From the Citadel, Beamer joined the staff at Murray State and Friedgen did the same at William & Mary. They reunited again in 1981, when Beamer, then Murray State's head coach, hired Friedgen as assistant head coach.
There, at the small western Kentucky school, came more memories that either coach can reference in an instant. During one Christmas break, Beamer asked if Friedgen wanted to join him for a daylong recruiting trip to Chicago. Friedgen agreed, thinking they would fly out of nearby Paducah, Ky. Instead, Beamer opted to depart from Murray and on a one-engine plane.
Beamer and the pilot sat in the front wearing headsets; Friedgen sat in the back without one.

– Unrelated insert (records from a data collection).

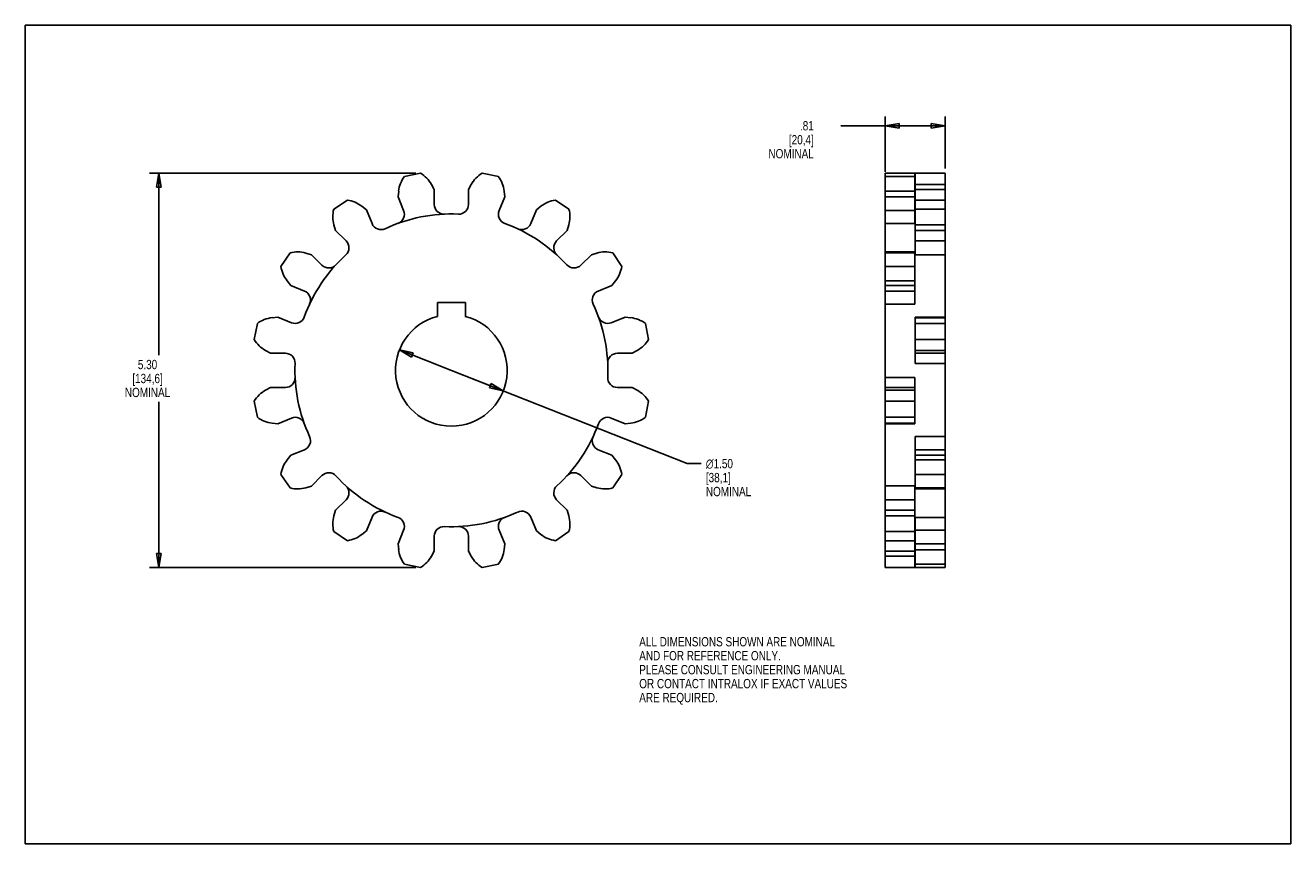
# Model space of a CAD drawing. Header units: inches. Extents: x 0 to 17, y 0 to 11.
import ezdxf

# ---------------------------------------------------------------- set-up
doc = ezdxf.new("R2010")
doc.units = ezdxf.units.IN
doc.header["$LTSCALE"] = 0.935
doc.header["$MEASUREMENT"] = 0
doc.layers.get('0').update_dxf_attribs({"linetype": 'CONTINUOUS'})
doc.layers.add('ALL_FEATURES', color=7, linetype='CONTINUOUS')
doc.styles.get("Standard").update_dxf_attribs({"font": 'txt', "width": 0.8})
doc.styles.add('TEXTSTYLE_1', font='gdt', dxfattribs={"width": 0.8})
doc.dimstyles.new('DIMSTYLE_1', dxfattribs={"dimtxt": 0.125, "dimasz": 0.1875, "dimexe": 0.18, "dimexo": 0.0625, "dimgap": 0.09, "dimtad": 0, "dimtih": 1, "dimtoh": 1, "dimzin": 4, "dimdsep": 46, "dimtxsty": 'STANDARD', "dimblk": 'CLOSED', "dimblk1": 'CLOSED', "dimblk2": 'CLOSED', "dimcen": 0.09, "dimadec": 0, "dimazin": 0, "dimtp": 0.01, "dimtm": 0.01, "dimtfac": 1, "dimtofl": 0, "dimtmove": 0, "dimatfit": 3, "dimldrblk": 'CLOSED', "dimfxl": 1, "dimtolj": 1, "dimtzin": 4, "dimarcsym": 0})
doc.dimstyles.new('DIMSTYLE_2', dxfattribs={"dimtxt": 0.125, "dimasz": 0.1875, "dimexe": 0.18, "dimexo": 0.0625, "dimgap": 0.09, "dimtad": 0, "dimtih": 1, "dimtoh": 1, "dimzin": 4, "dimdsep": 46, "dimtxsty": 'STANDARD', "dimblk": 'CLOSED', "dimblk1": 'CLOSED', "dimblk2": 'CLOSED', "dimcen": 0.09, "dimadec": 0, "dimazin": 0, "dimtp": 0.01, "dimtm": 0.01, "dimtfac": 1, "dimtofl": 0, "dimtmove": 0, "dimatfit": 3, "dimldrblk": 'CLOSED', "dimfxl": 1, "dimtolj": 1, "dimtzin": 4, "dimarcsym": 0})

# ---------------------------------------------------------------- blocks, each defined once
blk = doc.blocks.new('_CLOSED')
at = {"color": 0, "linetype": 'BYBLOCK'}
for p, q in [((0, 0), (-1, 0.167)), ((-1, 0.167), (-1, -0.167)), ((-1, -0.167), (0, 0)), ((-1, 0), (0, 0))]:
    blk.add_line(p, q, dxfattribs=at)
blk = doc.blocks.new('*D0')
at = {"color": 3, "linetype": 'CONTINUOUS'}
for p, q in [((5.247, 9.011), (1.667, 9.011)), ((1.792, 9.011), (1.792, 6.565)), ((1.792, 3.712), (1.792, 5.94)), ((5.247, 3.712), (1.667, 3.712))]:
    blk.add_line(p, q, dxfattribs=at)
at = {"color": 3, "linetype": 'CONTINUOUS', "xscale": 0.1875, "yscale": 0.1875, "zscale": 0.1875}
for p, rotation in [((1.792, 9.011), 90), ((1.792, 3.712), 270)]:
    blk.add_blockref('_CLOSED', p, dxfattribs=dict(at, rotation=rotation))
at = {"color": 3, "linetype": 'CONTINUOUS', "insert": (1.642, 6.503), "char_height": 0.125, "width": 0.7, "attachment_point": 2, "line_spacing_factor": 0.9}
blk.add_mtext('5.30\\P[134,6]\\PNOMINAL', dxfattribs=at)
blk = doc.blocks.new('*D1')
at = {"color": 3, "linetype": 'CONTINUOUS'}
for p, q in [((11.551, 9.031), (11.551, 9.774)), ((12.356, 9.074), (12.356, 9.774)), ((11.954, 9.649), (10.956, 9.649)), ((11.551, 9.649), (11.954, 9.649)), ((12.356, 9.649), (11.954, 9.649))]:
    blk.add_line(p, q, dxfattribs=at)
at = {"color": 3, "linetype": 'CONTINUOUS', "xscale": 0.1875, "yscale": 0.1875, "zscale": 0.1875, "rotation": 180}
blk.add_blockref('_CLOSED', (11.551, 9.649), dxfattribs=at)
at = {"color": 3, "linetype": 'CONTINUOUS', "xscale": 0.1875, "yscale": 0.1875, "zscale": 0.1875}
blk.add_blockref('_CLOSED', (12.356, 9.649), dxfattribs=at)
at = {"color": 3, "linetype": 'CONTINUOUS', "insert": (10.593, 9.712), "char_height": 0.125, "width": 0.7, "attachment_point": 3, "line_spacing_factor": 0.9}
blk.add_mtext('.81\\P[20,4]\\PNOMINAL', dxfattribs=at)
blk = doc.blocks.new('*D2')
at = {"color": 3, "linetype": 'CONTINUOUS'}
for p, q in [((5.027, 6.638), (5.724, 6.362)), ((6.422, 6.086), (5.724, 6.362)), ((5.724, 6.362), (8.893, 5.108)), ((8.893, 5.108), (9.08, 5.108))]:
    blk.add_line(p, q, dxfattribs=at)
at = {"color": 3, "linetype": 'CONTINUOUS', "xscale": 0.1875, "yscale": 0.1875, "zscale": 0.1875}
for p, rotation in [((5.027, 6.638), 158.4160960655), ((6.422, 6.086), 338.4160960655)]:
    blk.add_blockref('_CLOSED', p, dxfattribs=dict(at, rotation=rotation))
at = {"color": 3, "linetype": 'CONTINUOUS', "insert": (9.143, 5.171), "char_height": 0.125, "width": 0.7, "attachment_point": 1, "line_spacing_factor": 0.9, "style": 'TEXTSTYLE_1'}
blk.add_mtext('{\\Fgdt;n}\\Ftxt;1.50\\P[38,1]\\PNOMINAL', dxfattribs=at)

msp = doc.modelspace()

# ---------------------------------------------------------------- linework, layer by layer
at = {"color": 7, "linetype": 'CONTINUOUS'}
for p, q in [((0, 0), (0, 11)), ((0, 11), (17, 11)), ((17, 0), (17, 11)), ((5.309, 9.011), (5.094, 8.968)), ((11.956, 7.913), (11.956, 9.011)), ((12.356, 9.011), (11.956, 9.011)), ((12.356, 3.712), (12.356, 9.011)), ((5.494, 8.791), (5.457, 8.859)), ((12.356, 8.859), (11.956, 8.859)), ((5.016, 8.771), (5.007, 8.694)), ((5.007, 8.694), (5.083, 8.51)), ((5.494, 8.592), (5.494, 8.791)), ((11.956, 8.791), (12.356, 8.791)), ((4.144, 8.529), (4.327, 8.651)), ((4.521, 8.567), (4.582, 8.518)), ((4.582, 8.518), (4.658, 8.334)), ((6.866, 8.518), (6.79, 8.334)), ((6.927, 8.567), (6.866, 8.518)), ((7.304, 8.529), (7.121, 8.651)), ((11.951, 8.51), (11.951, 8.338)), ((12.356, 8.651), (11.956, 8.651)), ((12.356, 8.529), (11.956, 8.529)), ((11.551, 3.712), (11.551, 8.338)), ((11.551, 8.338), (11.951, 8.338)), ((4.169, 8.242), (4.147, 8.317)), ((4.31, 8.101), (4.169, 8.242)), ((7.138, 8.101), (7.279, 8.242)), ((7.279, 8.242), (7.301, 8.317)), ((12.356, 8.317), (11.956, 8.317)), ((11.956, 8.242), (12.356, 8.242)), ((12.356, 8.101), (11.956, 8.101)), ((3.557, 7.942), (3.435, 7.759)), ((3.844, 7.917), (3.769, 7.939)), ((3.985, 7.776), (3.844, 7.917)), ((7.464, 7.776), (7.605, 7.917)), ((7.605, 7.917), (7.679, 7.939)), ((7.891, 7.942), (8.013, 7.759)), ((11.951, 7.955), (11.551, 7.955)), ((11.551, 7.942), (11.951, 7.942)), ((11.951, 7.252), (11.951, 7.955)), ((12.356, 7.913), (11.956, 7.913)), ((11.551, 7.759), (11.951, 7.759)), ((3.519, 7.564), (3.568, 7.504)), ((3.568, 7.504), (3.752, 7.428)), ((7.881, 7.504), (7.697, 7.428)), ((7.929, 7.564), (7.881, 7.504)), ((11.551, 7.564), (11.951, 7.564)), ((11.951, 7.504), (11.551, 7.504)), ((11.551, 7.428), (11.951, 7.428)), ((11.551, 7.252), (11.951, 7.252)), ((3.075, 6.777), (3.118, 6.992)), ((3.315, 7.07), (3.392, 7.079)), ((3.392, 7.079), (3.576, 7.003)), ((8.057, 7.079), (7.873, 7.003)), ((8.134, 7.07), (8.057, 7.079)), ((8.374, 6.777), (8.331, 6.992)), ((11.956, 6.456), (11.956, 7.079)), ((11.956, 7.079), (12.356, 7.079)), ((12.356, 7.07), (11.956, 7.07)), ((12.356, 6.992), (11.956, 6.992)), ((12.356, 6.777), (11.956, 6.777)), ((3.295, 6.592), (3.227, 6.629)), ((3.494, 6.592), (3.295, 6.592)), ((7.954, 6.592), (8.154, 6.592)), ((8.154, 6.592), (8.222, 6.629)), ((12.356, 6.629), (11.956, 6.629)), ((11.956, 6.592), (12.356, 6.592)), ((12.356, 6.456), (11.956, 6.456)), ((3.295, 6.132), (3.227, 6.094)), ((3.494, 6.132), (3.295, 6.132)), ((7.954, 6.132), (8.154, 6.132)), ((8.154, 6.132), (8.222, 6.094)), ((11.551, 6.268), (11.951, 6.268)), ((11.951, 6.132), (11.551, 6.132)), ((11.951, 5.645), (11.951, 6.268)), ((11.551, 6.094), (11.951, 6.094)), ((3.075, 5.947), (3.118, 5.731)), ((8.374, 5.947), (8.331, 5.731)), ((11.551, 5.947), (11.951, 5.947)), ((3.315, 5.653), (3.392, 5.645)), ((3.392, 5.645), (3.576, 5.721)), ((8.057, 5.645), (7.873, 5.721)), ((8.134, 5.653), (8.057, 5.645)), ((11.551, 5.731), (11.951, 5.731)), ((11.551, 5.653), (11.951, 5.653)), ((11.951, 5.645), (11.551, 5.645)), ((12.356, 5.471), (11.956, 5.471)), ((11.956, 4.769), (11.956, 5.471)), ((3.568, 5.22), (3.752, 5.296)), ((7.881, 5.22), (7.697, 5.296)), ((12.356, 5.296), (11.956, 5.296)), ((3.519, 5.159), (3.568, 5.22)), ((7.929, 5.159), (7.881, 5.22)), ((11.956, 5.22), (12.356, 5.22)), ((12.356, 5.159), (11.956, 5.159)), ((3.557, 4.782), (3.435, 4.964)), ((3.985, 4.947), (3.844, 4.807)), ((7.464, 4.947), (7.605, 4.807)), ((7.891, 4.782), (8.013, 4.964)), ((12.356, 4.964), (11.956, 4.964)), ((3.844, 4.807), (3.769, 4.785)), ((7.605, 4.807), (7.679, 4.785)), ((11.551, 4.81), (11.951, 4.81)), ((11.951, 3.712), (11.951, 4.81)), ((12.356, 4.782), (11.956, 4.782)), ((11.956, 4.769), (12.356, 4.769)), ((4.31, 4.622), (4.169, 4.481)), ((7.138, 4.622), (7.279, 4.481)), ((11.551, 4.622), (11.951, 4.622)), ((4.169, 4.481), (4.147, 4.407)), ((7.279, 4.481), (7.301, 4.407)), ((11.951, 4.481), (11.551, 4.481)), ((4.582, 4.205), (4.658, 4.389)), ((6.866, 4.205), (6.79, 4.389)), ((11.551, 4.407), (11.951, 4.407)), ((11.956, 4.259), (11.951, 4.259)), ((12.356, 4.385), (11.956, 4.385)), ((11.956, 3.712), (11.956, 4.385)), ((4.144, 4.195), (4.327, 4.073)), ((4.521, 4.157), (4.582, 4.205)), ((5.007, 4.029), (5.083, 4.213)), ((5.494, 4.132), (5.494, 3.932)), ((5.954, 4.132), (5.954, 3.932)), ((6.441, 4.029), (6.365, 4.213)), ((6.927, 4.157), (6.866, 4.205)), ((7.304, 4.195), (7.121, 4.073)), ((11.551, 4.195), (11.951, 4.195)), ((12.356, 4.213), (11.956, 4.213)), ((5.016, 3.952), (5.007, 4.029)), ((5.494, 3.932), (5.457, 3.864)), ((5.954, 3.932), (5.992, 3.864)), ((6.433, 3.952), (6.441, 4.029)), ((11.551, 4.073), (11.951, 4.073)), ((11.951, 3.932), (11.551, 3.932)), ((11.956, 4.029), (12.356, 4.029)), ((12.356, 3.952), (11.956, 3.952)), ((5.309, 3.712), (5.094, 3.755)), ((6.139, 3.712), (6.355, 3.755)), ((11.551, 3.864), (11.951, 3.864)), ((12.356, 3.755), (11.956, 3.755)), ((11.551, 3.712), (11.951, 3.712)), ((12.356, 3.712), (11.956, 3.712)), ((0, 0), (17, 0))]:
    msp.add_line(p, q, dxfattribs=at)
for centre, radius, start, end in [((5.106, 8.667), 0.4, 28.75, 59.4742), ((5.413, 8.728), 0.4, 143.0258, 173.75), ((4.531, 8.429), 0.4, 165.5258, 196.25), ((4.271, 8.255), 0.4, 51.25, 81.9742), ((4.963, 8.46), 0.13, 289.9325, 22.5), ((5.624, 8.592), 0.13, 180, 272.5675), ((7.177, 8.255), 0.4, 98.0258, 128.75), ((6.917, 8.429), 0.4, 343.75, 14.4742), ((4.778, 8.384), 0.13, 202.5, 295.0675), ((5.724, 6.362), 2.102, 87.4325, 115.0675), ((5.724, 6.362), 2.102, 42.4325, 70.0675), ((6.67, 8.384), 0.13, 244.9325, 337.5), ((4.218, 8.009), 0.13, 312.4325, 45), ((7.23, 8.009), 0.13, 135, 227.5675), ((3.657, 7.555), 0.4, 73.75, 104.4742), ((5.724, 6.362), 2.102, 132.4325, 160.0675), ((7.791, 7.555), 0.4, 75.5258, 106.25), ((3.831, 7.815), 0.4, 188.0258, 218.75), ((4.077, 7.868), 0.13, 225, 317.5675), ((7.372, 7.868), 0.13, 222.4325, 315), ((7.617, 7.815), 0.4, 321.25, 351.9742), ((3.702, 7.308), 0.13, 334.9325, 67.5), ((7.746, 7.308), 0.13, 112.5, 205.0675), ((5.724, 6.362), 2.102, 357.4325, 25.0675), ((3.358, 6.673), 0.4, 96.25, 126.9742), ((3.626, 7.123), 0.13, 247.5, 340.0675), ((7.823, 7.123), 0.13, 199.9325, 292.5), ((8.09, 6.673), 0.4, 53.0258, 83.75), ((3.419, 6.98), 0.4, 210.5258, 241.25), ((8.029, 6.98), 0.4, 298.75, 329.4742), ((3.494, 6.462), 0.13, 357.4325, 90), ((7.954, 6.462), 0.13, 90, 182.5675), ((5.724, 6.362), 2.102, 177.4325, 205.0675), ((3.494, 6.262), 0.13, 270, 2.5675), ((7.954, 6.262), 0.13, 177.4325, 270), ((3.419, 5.744), 0.4, 118.75, 149.4742), ((8.029, 5.744), 0.4, 30.5258, 61.25), ((3.358, 6.051), 0.4, 233.0258, 263.75), ((3.626, 5.601), 0.13, 19.9325, 112.5), ((5.724, 6.362), 2.102, 312.4325, 340.0675), ((7.823, 5.601), 0.13, 67.5, 160.0675), ((8.09, 6.051), 0.4, 276.25, 306.9742), ((3.702, 5.416), 0.13, 292.5, 25.0675), ((7.746, 5.416), 0.13, 154.9325, 247.5), ((3.831, 4.909), 0.4, 141.25, 171.9742), ((7.617, 4.909), 0.4, 8.0258, 38.75), ((4.077, 4.856), 0.13, 42.4325, 135), ((5.724, 6.362), 2.102, 222.4325, 250.0675), ((7.372, 4.856), 0.13, 45, 137.5675), ((3.657, 5.169), 0.4, 255.5258, 286.25), ((4.218, 4.714), 0.13, 315, 47.5675), ((7.23, 4.714), 0.13, 132.4325, 225), ((7.791, 5.169), 0.4, 253.75, 284.4742), ((4.778, 4.34), 0.13, 64.9325, 157.5), ((5.724, 6.362), 2.102, 267.4325, 295.0675), ((6.67, 4.34), 0.13, 22.5, 115.0675), ((4.531, 4.295), 0.4, 163.75, 194.4742), ((4.963, 4.263), 0.13, 337.5, 70.0675), ((5.624, 4.132), 0.13, 87.4325, 180), ((5.824, 4.132), 0.13, 0, 92.5675), ((6.485, 4.263), 0.13, 109.9325, 202.5), ((6.917, 4.295), 0.4, 345.5258, 16.25), ((4.271, 4.469), 0.4, 278.0258, 308.75), ((7.177, 4.469), 0.4, 231.25, 261.9742), ((5.413, 3.996), 0.4, 186.25, 216.9742), ((6.035, 3.996), 0.4, 323.0258, 353.75), ((5.106, 4.057), 0.4, 300.5258, 331.25), ((6.342, 4.057), 0.4, 208.75, 239.4742)]:
    msp.add_arc(centre, radius, start, end, dxfattribs=at)
at = {"layer": 'ALL_FEATURES', "color": 7, "linetype": 'CONTINUOUS'}
for p, q in [((6.139, 9.011), (6.355, 8.968)), ((11.551, 8.338), (11.551, 9.011)), ((11.551, 9.011), (11.951, 9.011)), ((11.951, 8.51), (11.951, 9.011)), ((5.954, 8.791), (5.992, 8.859)), ((11.551, 8.968), (11.951, 8.968)), ((5.954, 8.592), (5.954, 8.791)), ((6.441, 8.694), (6.365, 8.51)), ((6.433, 8.771), (6.441, 8.694)), ((11.551, 8.771), (11.951, 8.771)), ((11.951, 8.694), (11.551, 8.694)), ((11.551, 8.51), (11.951, 8.51)), ((11.956, 8.464), (11.951, 8.464)), ((5.537, 7.275), (5.537, 7.088)), ((5.912, 7.275), (5.537, 7.275)), ((5.912, 7.088), (5.912, 7.275))]:
    msp.add_line(p, q, dxfattribs=at)
for centre, radius, start, end in [((6.342, 8.667), 0.4, 120.5258, 151.25), ((6.035, 8.728), 0.4, 6.25, 36.9742), ((5.824, 8.592), 0.13, 267.4325, 360), ((6.485, 8.46), 0.13, 157.5, 250.0675), ((5.724, 6.362), 0.75, 104.4775, 75.5225)]:
    msp.add_arc(centre, radius, start, end, dxfattribs=at)

# ---------------------------------------------------------------- texts
at = {"color": 3, "linetype": 'CONTINUOUS', "insert": (8.248, 2.777), "char_height": 0.125, "width": 3.5, "attachment_point": 1, "line_spacing_factor": 0.9}
msp.add_mtext('ALL DIMENSIONS SHOWN ARE NOMINAL\\PAND FOR REFERENCE ONLY.\\PPLEASE CONSULT ENGINEERING MANUAL\\POR CONTACT INTRALOX IF EXACT VALUES\\PARE REQUIRED. ', dxfattribs=at)

# ---------------------------------------------------------------- dimensions: what is measured, and where the dimension line sits
at = {"color": 3, "linetype": 'CONTINUOUS'}
dim = msp.add_linear_dim(base=(12.3561307, 9.64940665), p1=(11.5511307, 9.030903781), p2=(12.3561307, 9.073823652), text='<>\\PNOMINAL', dimstyle='DIMSTYLE_1', dxfattribs=at)
dim.commit()
dim.dimension.update_dxf_attribs({"geometry": '*D1', "text_midpoint": (10.143475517, 9.46190665), "dimtype": 160})
dim = msp.add_linear_dim(base=(1.792, 3.712), p1=(5.247, 9.011), p2=(5.247, 3.712), angle=270, text='<>\\PNOMINAL', dimstyle='DIMSTYLE_1', dxfattribs=at)
dim.commit()
dim.dimension.update_dxf_attribs({"geometry": '*D0', "text_midpoint": (1.592, 6.253), "dimtype": 160})
dim = msp.add_diameter_dim_2p(p1=(6.422, 6.086), p2=(5.027, 6.638), text='<>\\PNOMINAL', dimstyle='DIMSTYLE_2', dxfattribs=at)
dim.commit()
dim.dimension.update_dxf_attribs({"geometry": '*D2', "text_midpoint": (9.526, 4.921), "dimtype": 163})

doc.saveas('drawing.dxf')

Suddenly, Beamer and the pilot started looking around while in the air, and Friedgen tapped them on the shoulder, saying, "What are we looking for?"
"There is supposed to be a big plane in the area," they said.
"Oh, no!" Friedgen hollered.
On the way back that night, Beamer and the pilot again start looking toward the ground, and Friedgen again asked, "What are we looking for?"
"Trees," they said.
"Oh!" Friedgen said. "Don't tell me that."
In the late 1980s, Beamer and Friedgen purchased a golf cottage together on Georgia's Lake Oconee and shared it for more than a decade. Currently, they own summer homes less than a quarter-mile apart on the lake, an area that hosts numerous Friedgen-Beamer golf and family outings. During a golf event there this summer, Friedgen twice nearly hit Beamer with shanks that just missed the coach's earlobe.
Each Fourth of July, Friedgen has a large party at his house, where he serves barbecue pig and invites neighbors. Friedgen's daughters have been hounding him for some time to buy a type of Jet Ski like the neighbors have.
"I won't buy it for them," Friedgen said. "But they'll go over to Uncle George's and Uncle Frank's and they'll let them use theirs."
In 2001, when Friedgen was hired at Maryland, he flew down to the lake for 10 days. Beamer had been there for nearly a month. "How the hell do you do this and stay here for a month?" Friedgen asked. "I can't find time to get away. You've been a head coach for 15 years; you've kind of got things in line."
This season, Beamer stayed less than three weeks. "Wow," Friedgen told him, "you get in the ACC and now it's two weeks and not a month, huh?"
When Friedgen underwent hip surgery in 2003, Beamer called Friedgen's wife, Gloria, at the hospital and asked, "Is there anything Ralph can do to help us get into the ACC?"
At that moment, Friedgen was still on anesthetics and was occasionally throwing up. "Uh," Gloria said, "I think he has other things on his mind right now."
During a recent gathering at the lake, the two performed karaoke. The song selections symbolized both their friendship and rise in the coaching profession. Said Friedgen: "My song was 'I Did It My Way' and his song was 'Stand by Your Man.' "
And somehow tonight, the two will coach a football game.